You can either put mics left and right far enough away to not be in the video shot. (As video recordings to wider and wider nowadays, from 4:3 to 16:9 to 21:9... that becomes more and more difficult.)
The other alternative is playback. Record the audio first, and then play in sync with the recording while recording the images. This is actually done a lot and sometimes you can tell in (professional) videos that the acoustics of the recording do not match the scene where the video is shot (audio acoustics are then too good for the video location) and sometimes you can even tell that the video is "played" using a different accordion than what was used for the audio.
I hope that you know that I already knew all of that.
My solution (which works REALLY well) is green screens, you can shoot "the talent" in any aspect ratio you want (I shoot in 4:3 or 3:2 at the highest resolutions the equipment offers) and place that in any frame that I want, usually at 16:9, I am not in to the cinematic or anamorphic resolutions which work best in situations you are trying to show off the surrounding scenes. 4:3 is the old TV standard and that was actually REALLY good for framing in an accordionist. With green screens it became easy to "carve out" the mics as long as the bellows didn't slip behind them while making a big bellows pull.
The thing is I am a stickler for quality, I absolutely hate shitty quality green screen work, even the flickering of a single hair on my head bothers me and I work and test so that in future videos its not there and I have to live within my personal and financial limitations.

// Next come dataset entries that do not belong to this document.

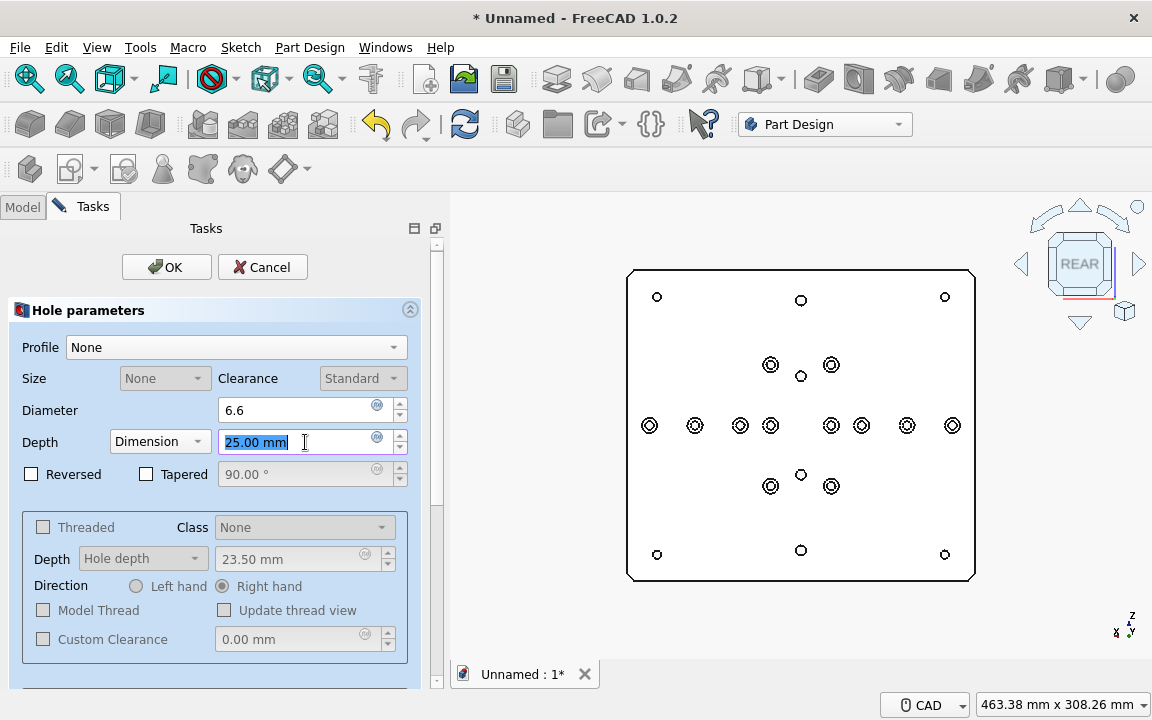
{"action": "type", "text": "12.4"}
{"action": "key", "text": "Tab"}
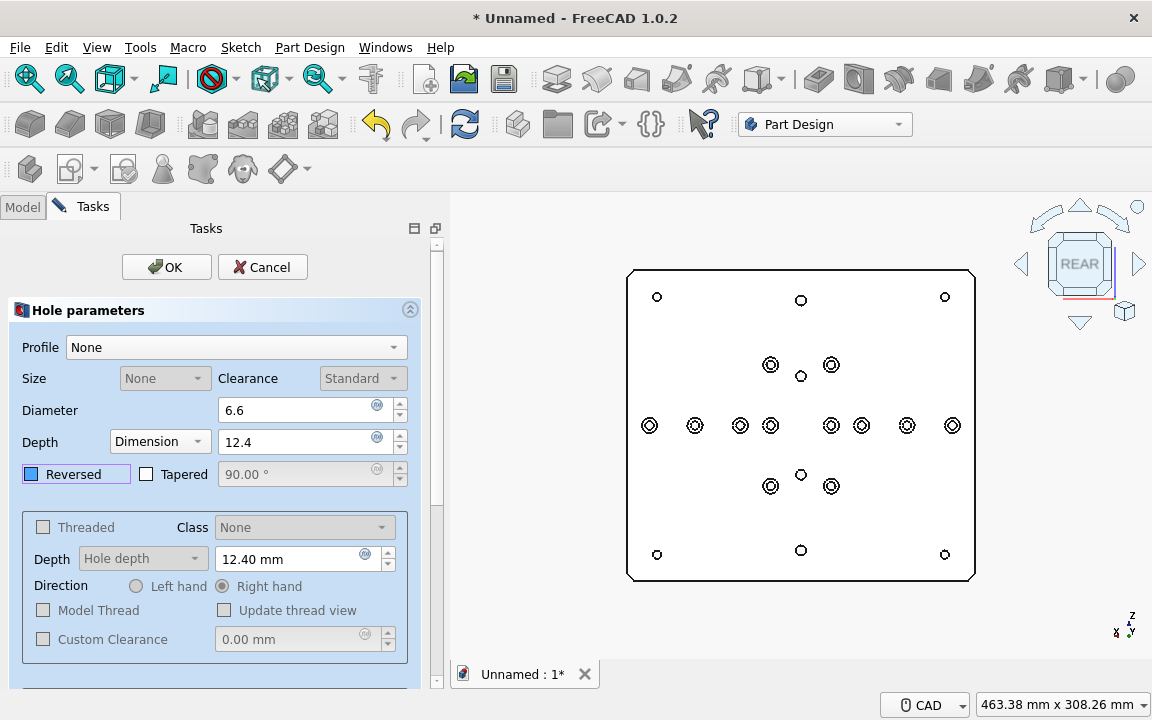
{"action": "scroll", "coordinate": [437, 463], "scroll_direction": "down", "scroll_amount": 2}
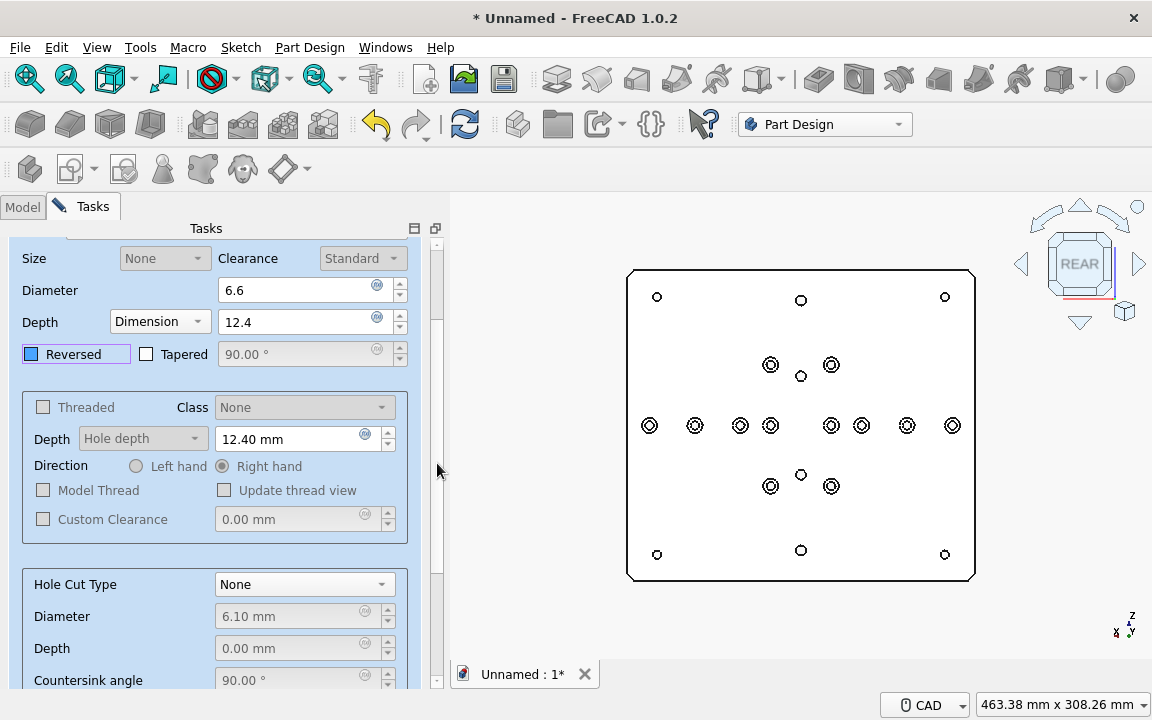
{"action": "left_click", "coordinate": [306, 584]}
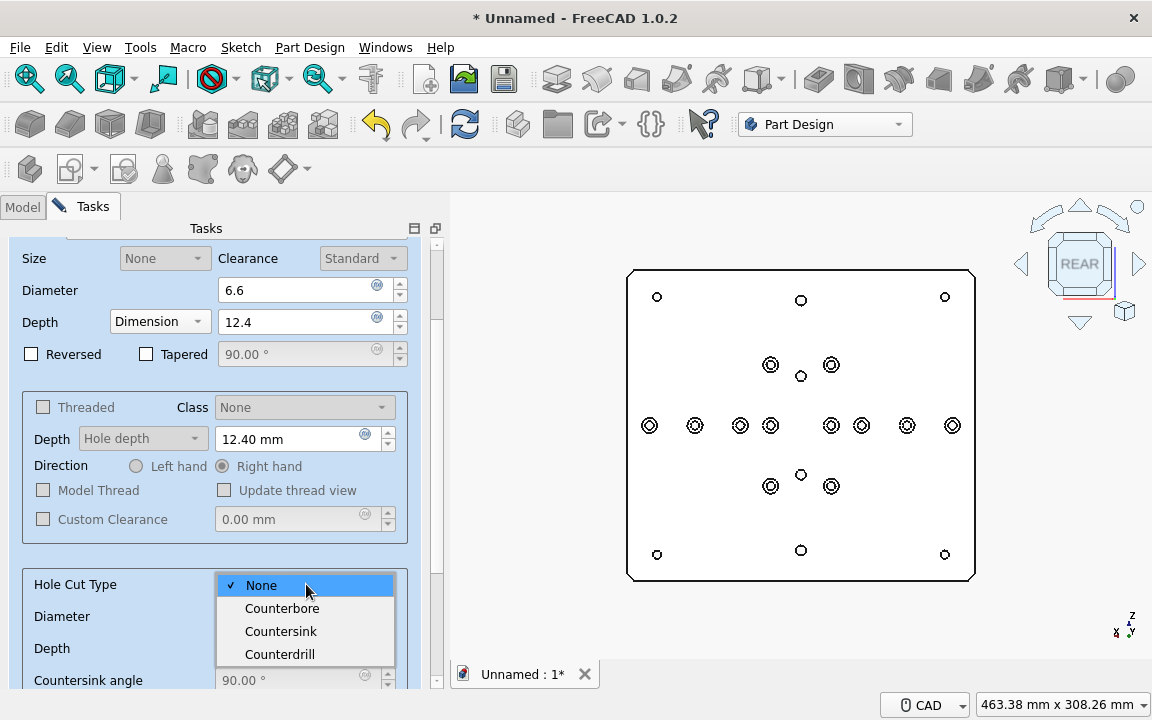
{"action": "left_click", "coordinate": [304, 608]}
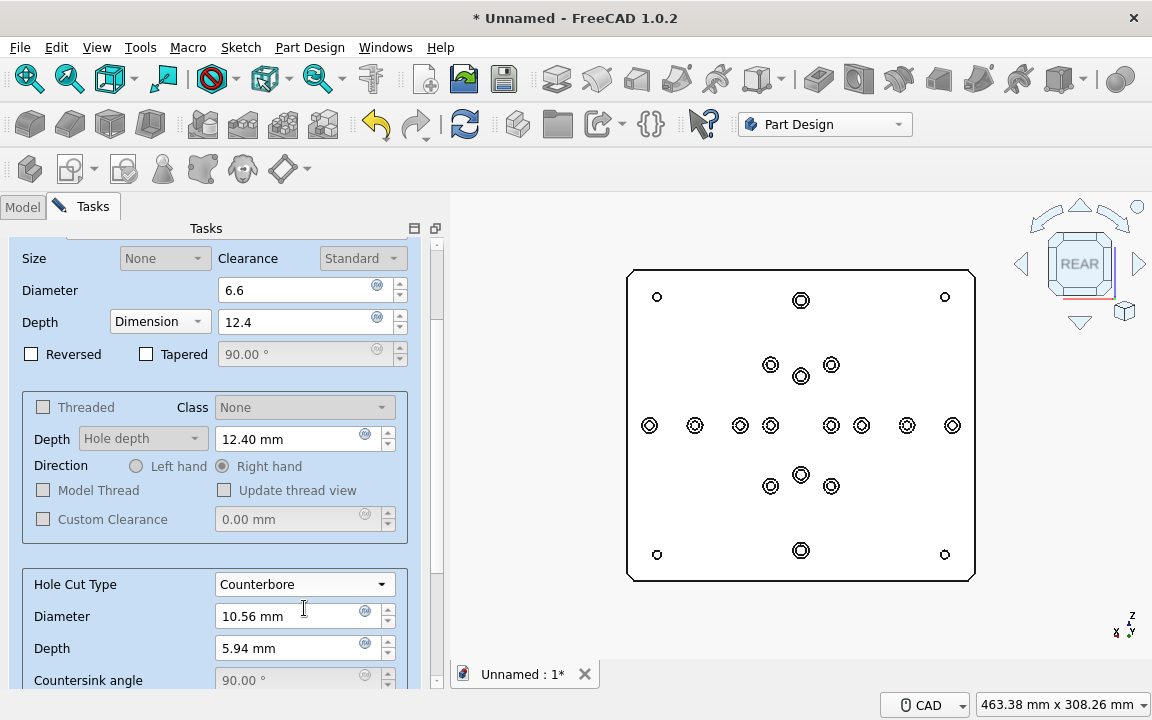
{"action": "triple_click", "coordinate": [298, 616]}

Sound quality is also important for me... actually that is priority #1 (which is a bit of a blessing, because to do *good* video is a hundred times harder, but thankfully bad videos with good audio are easier to watch and more popular than good video with bad audio). I have never played to a video in synch (backing track aside!), I kind of feel it is cheating, but that said, I know that as my desire to do better videos in the future grows, that sometime it is going to happen, and it will be a lot of fun for me.
When I first started looking at videos of accordionists on Vimeo and YouTube, they are all static shots of someone sitting and playing, 99% of the time using the mics from their cellphone or camera. I moved fast to recording the audio separately and instantly my videos were better (to me! Everyone has the right to their own opinion, right?). Once that was done, I worked on that static look, I introduced multiple cameras, green screen and motion in to the videos and I enjoyed that a lot. The "look" now became near as important as the music of the video. My pleasure level looking at the results grew exponentially.
My big limitation is that I am ONE person doing it all alone (and that is something that I do not want to change). I am the performer, the musician, sound engineer, lighting engineer, set designer and videographer of multiple cameras and multiple recording devices. The professionals have sound studios with many people working every minutia with many more people covering every other task that happens.
They can move to different locations, shoot while syncing to pre-recorded music and move on... try doing that alone! Sure it is possible, and I will do it one day just to say I did it, but WOW, the amount of work involved compared to sitting in the basement, turning on the cellphone and playing a tune is astronomically more complex and difficult.
Looking back now, I think that I am up to something like 8 years of studying and testing (probably well over a thousand mini video tests and even more in hours invested), to see if I like an effect or if it appears what I want it to look like and I have many more hours coming simply because I enjoy it. I like making educational or "how I did it" videos, it's also part of what I like to do.
All that said, we're living in a wonderful time, technologically speaking, where a single person sitting on their bed in front of a small $100 laptop, a $50 audio interface and a fair quality mic or 2 can put out quality audio files so good that most people cannot tell you if it was made in the finest studios around today, or not!